▶ [The problem]
The entries below contain a line with "#1 car [273,203,317,229]" and a line with "#20 traffic cone [178,284,204,321]". Quote exactly those two lines and all lines between them.

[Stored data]
▽
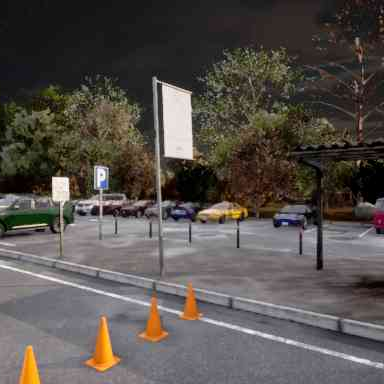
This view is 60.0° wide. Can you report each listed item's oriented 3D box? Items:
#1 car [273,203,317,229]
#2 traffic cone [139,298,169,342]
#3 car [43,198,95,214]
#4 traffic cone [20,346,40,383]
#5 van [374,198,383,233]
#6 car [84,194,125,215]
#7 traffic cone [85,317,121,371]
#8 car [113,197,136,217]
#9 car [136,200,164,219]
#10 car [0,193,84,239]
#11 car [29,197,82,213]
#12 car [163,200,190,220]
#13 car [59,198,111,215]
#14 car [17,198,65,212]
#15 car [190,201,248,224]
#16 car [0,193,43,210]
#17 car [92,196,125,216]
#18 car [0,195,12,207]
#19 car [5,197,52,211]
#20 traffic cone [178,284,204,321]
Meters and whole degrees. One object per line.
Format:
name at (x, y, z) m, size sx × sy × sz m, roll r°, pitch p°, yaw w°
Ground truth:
car at (7.019, 1.512, 22.087) m, size 2.163 × 1.488 × 4.792 m, roll 0°, pitch 0°, yaw 35°
traffic cone at (-0.596, 1.956, 5.207) m, size 0.340 × 0.580 × 0.340 m, roll 0°, pitch 0°, yaw 35°
car at (-13.398, 1.451, 36.484) m, size 2.097 × 1.535 × 5.008 m, roll 0°, pitch 0°, yaw 35°
traffic cone at (-1.747, 1.956, 3.575) m, size 0.340 × 0.580 × 0.340 m, roll 0°, pitch 0°, yaw 35°
van at (11.642, 1.263, 19.012) m, size 1.878 × 1.987 × 4.442 m, roll 0°, pitch 0°, yaw 35°
car at (-8.870, 1.209, 33.269) m, size 2.435 × 2.045 × 5.566 m, roll 0°, pitch 0°, yaw 35°
traffic cone at (-1.171, 1.956, 4.391) m, size 0.340 × 0.580 × 0.340 m, roll 0°, pitch 0°, yaw 35°
car at (-4.310, 1.467, 30.102) m, size 2.097 × 1.535 × 5.008 m, roll 0°, pitch 0°, yaw 35°
car at (-2.040, 1.471, 28.506) m, size 2.231 × 1.521 × 4.892 m, roll 0°, pitch 0°, yaw 35°
car at (-8.876, 1.219, 17.280) m, size 2.435 × 2.045 × 5.566 m, roll 0°, pitch 0°, yaw 35°
car at (-15.559, 1.440, 38.238) m, size 1.946 × 1.575 × 5.366 m, roll 0°, pitch 0°, yaw 35°
car at (0.243, 1.503, 26.927) m, size 2.163 × 1.488 × 4.792 m, roll 0°, pitch 0°, yaw 35°
car at (-11.126, 1.458, 34.885) m, size 2.231 × 1.521 × 4.892 m, roll 0°, pitch 0°, yaw 35°
car at (-17.950, 1.465, 39.658) m, size 2.163 × 1.488 × 4.792 m, roll 0°, pitch 0°, yaw 35°
car at (2.389, 1.473, 25.155) m, size 1.946 × 1.575 × 5.366 m, roll 0°, pitch 0°, yaw 35°
car at (-22.493, 1.149, 42.856) m, size 2.435 × 2.045 × 5.566 m, roll 0°, pitch 0°, yaw 35°
car at (-6.581, 1.463, 31.700) m, size 2.097 × 1.535 × 5.008 m, roll 0°, pitch 0°, yaw 35°
car at (-29.181, 1.327, 47.825) m, size 1.946 × 1.575 × 5.366 m, roll 1°, pitch 0°, yaw 35°
car at (-20.192, 1.448, 41.307) m, size 2.163 × 1.488 × 4.792 m, roll 0°, pitch 0°, yaw 35°
traffic cone at (-0.020, 1.956, 6.023) m, size 0.340 × 0.580 × 0.340 m, roll 0°, pitch 0°, yaw 36°
△
▶ [Task answer]
#1 car [273,203,317,229]
#2 traffic cone [139,298,169,342]
#3 car [43,198,95,214]
#4 traffic cone [20,346,40,383]
#5 van [374,198,383,233]
#6 car [84,194,125,215]
#7 traffic cone [85,317,121,371]
#8 car [113,197,136,217]
#9 car [136,200,164,219]
#10 car [0,193,84,239]
#11 car [29,197,82,213]
#12 car [163,200,190,220]
#13 car [59,198,111,215]
#14 car [17,198,65,212]
#15 car [190,201,248,224]
#16 car [0,193,43,210]
#17 car [92,196,125,216]
#18 car [0,195,12,207]
#19 car [5,197,52,211]
#20 traffic cone [178,284,204,321]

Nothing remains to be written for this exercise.